Мадлен ударила в бубен в последний раз и бросила его в толпу так же, как бросала шкатулку в пруд. Утки, разлетайтесь, не то я попаду вам по голове. Прячьте клювы под крыло. Гогочите. Плывите. А я полечу!
Она полетела по залу, и навстречу ей полетел он, родной.
Единственный.
Князь подхватил ее в танце, вальсируя, — о этот вальс, их вечный вальс! — и они полетели дальше по залу вдвоем, по пространству, по времени, которое преодолели любовью и верой, по воздуху, по горю и счастью, и
— Мадлен!.. Моя Мадлен!..
— Я люблю тебя… я… так люблю тебя…
Муызка замедлила яростный бег. Он держал ее бережно, давая ей отдышаться. Слизывал языком, снимал целующими губами росинки любовного пота с ее щек, висков.
— Милый, — сказала Мадлен прямо в ухо Князю. — Они все здесь.
Он понял, кто. Побледнел.
— Этого надо было ждать. Мы уйдем. Они не посмеют остановить нас.
— Они посмеют все. Ты не знаешь их. Граф и Черкасофф сейчас заодно. С ними еще один. Он страшен.
Она содронулась, вспомнив человека-яйцо.
Они танцевали медленный танец, и он касался губами ее пышных золотых волос.
— Что будем делать? Что хочешь делать ты?
Он спрашивает ее. Но ведь она женщина. В семье приказывает мужчина.
Мадлен, Мадлен… помнишь, как говорила матушка твоя: умная жена — мужу госпожа…
— Давай сделаем так, родной, — сказала она, вальсируя медленно и плавно, держа его за откинутую в сторону руку. — Беги сначала ты. Я пока останусь. Ты убежишь через балкон. Я помогу тебе. Не спорь. Я знаю, как. Я люблю тебя.

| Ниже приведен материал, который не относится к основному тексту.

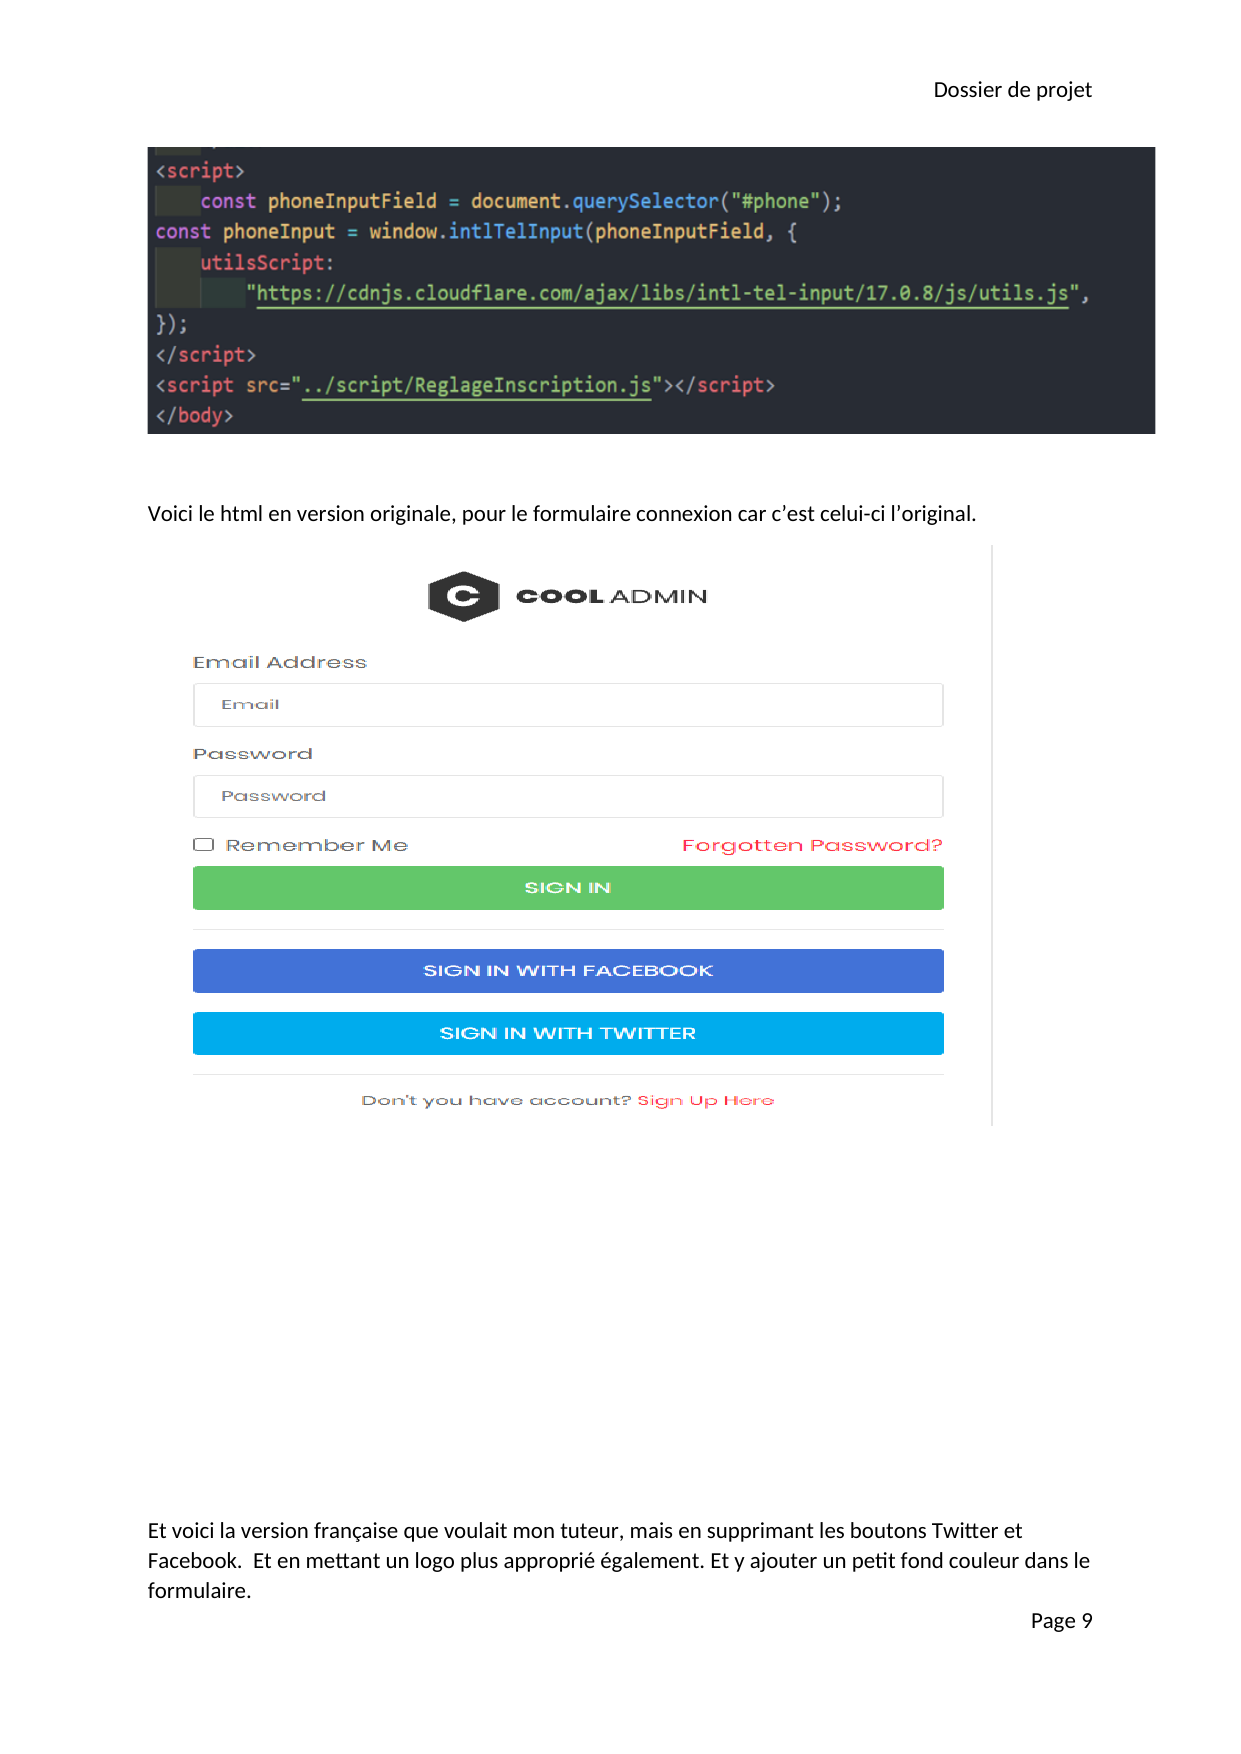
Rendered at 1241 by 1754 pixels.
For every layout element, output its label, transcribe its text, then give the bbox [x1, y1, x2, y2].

text Et voici la version française que voulait mon tuteur, mais en supprimant les boutons Twitter et Facebook. Et en mettant un logo plus approprié également. Et y ajouter un petit fond couleur dans le formulaire. [148, 1516, 1093, 1604]
text Voici le html en version originale, pour le formulaire connexion car c’est celui-ci l’original. [148, 499, 1093, 527]

— Мадлен, я не оставлю тебя здесь одну!
— Я люблю тебя, — повторила она твердо, наперекор мягкой и вкрадчивой музыке, лившейся им в уши. — Ты смысл моей жизни. Если будешь жить ты — буду жить и я. Без тебя мне жизни не надо. Я сделаю веревочную лестницу из… — она оглядела себя, — из своего платья. Идет оно к черту. Ты спасешься. Ты спустишься вниз, уйдешь, перехитришь их. Ты будешь ждать меня на вокзале Сен-Сезар под часами.
— Ты не сможешь скрыться от них!
— Смогу. Я все сейчас смогу. Я плачу, когда говорю на языке Рус. Плачу, когда слышу речь родины. Скажи мне что-нибудь родное. Прошу тебя.